Gia Lâm is the easternmost rural district (huyện) of Hanoi, the capital city of Vietnam. Prior to 2003, the district covered the entire area of Long Biên district, which included Long Biên Bridge, Gia Lâm Airport, Gia Lâm railway station, Gia Lâm bus station and the headquarters of Vietnam Airlines.

Geography 
Gia Lâm district is bordered by Bắc Ninh province to the east and north, Đông Anh district to the northwest, Long Biên district and Hoàng Mai district to the west, Thanh Trì district and Hưng Yên province to the south. 

As of 2011, the district had a population of 243,957. The district covers an area of . The district capital lies at Trâu Quỳ township.

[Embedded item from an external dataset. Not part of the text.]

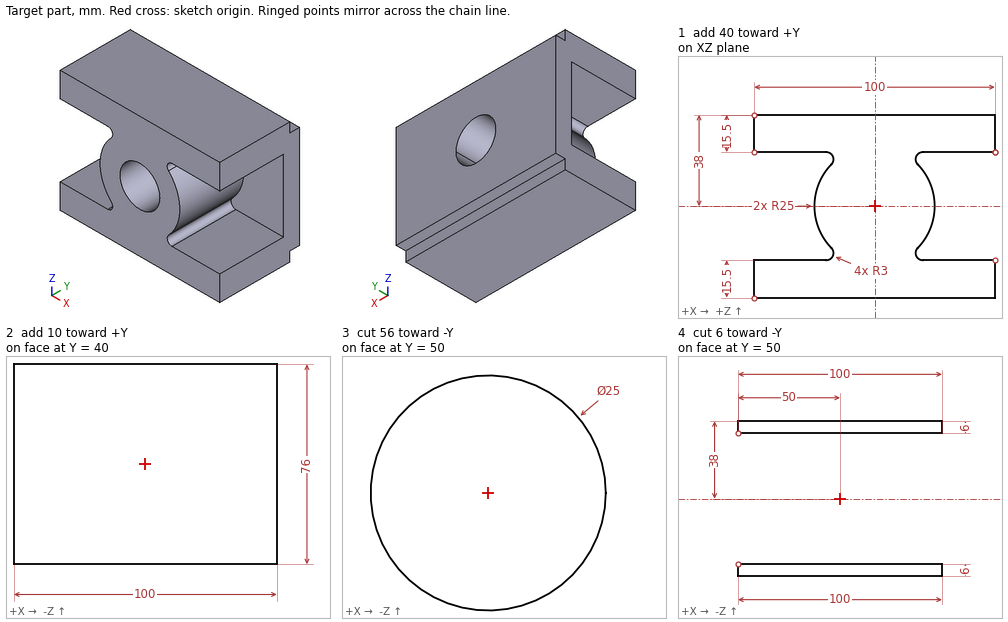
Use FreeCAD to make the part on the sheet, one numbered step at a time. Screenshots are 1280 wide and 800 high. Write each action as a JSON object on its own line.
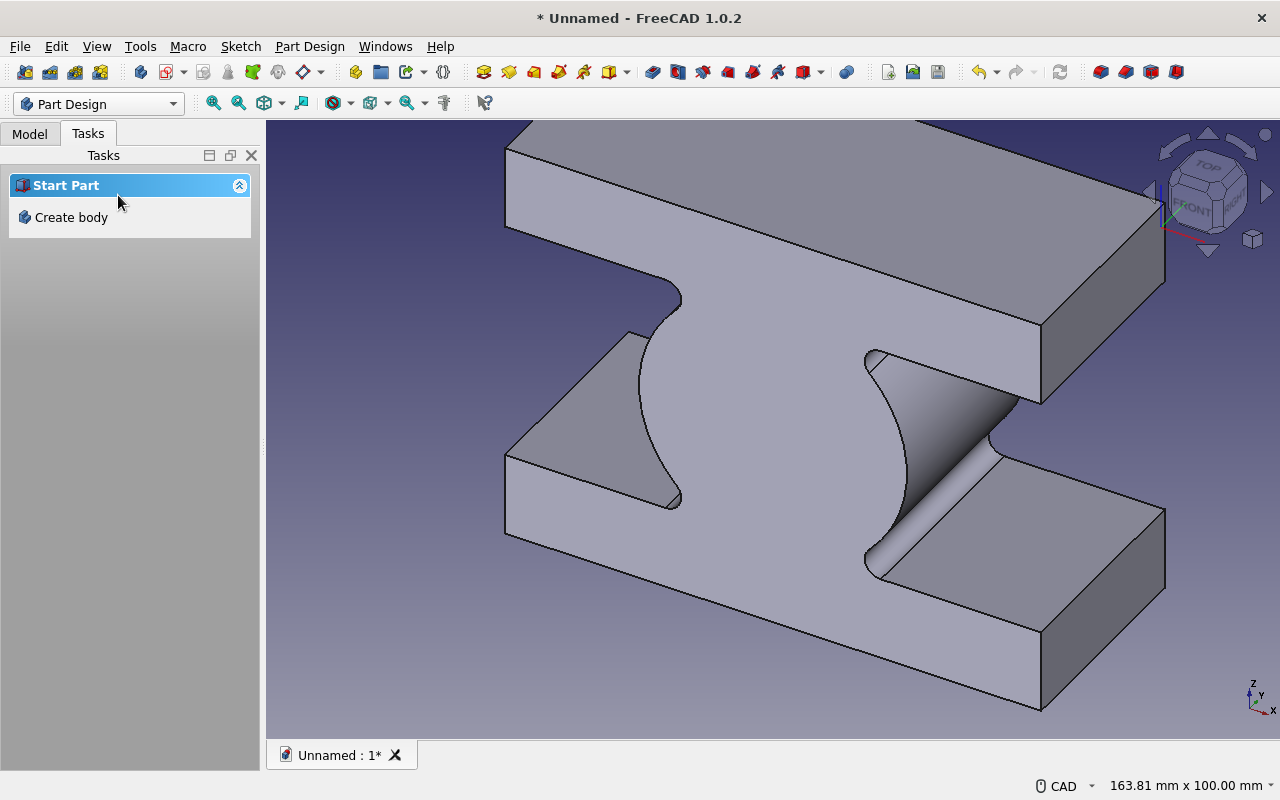
{"action": "key", "text": "v f"}

Gia Lâm district is subdivided to 22 commune-level subdivisions, including the townships of Trâu Quỳ (district capital), Yên Viên and the rural communes of: Bát Tràng, Cổ Bi, Đa Tốn, Đặng Xá, Đình Xuyên, Đông Dư, Dương Hà, Dương Quang, Dương Xá, Kiêu Kỵ, Kim Lan, Kim Sơn, Lệ Chi, Ninh Hiệp, Phù Đổng, Phú Thị, Trung Mầu, Văn Đức, Yên Thường, Yên Viên.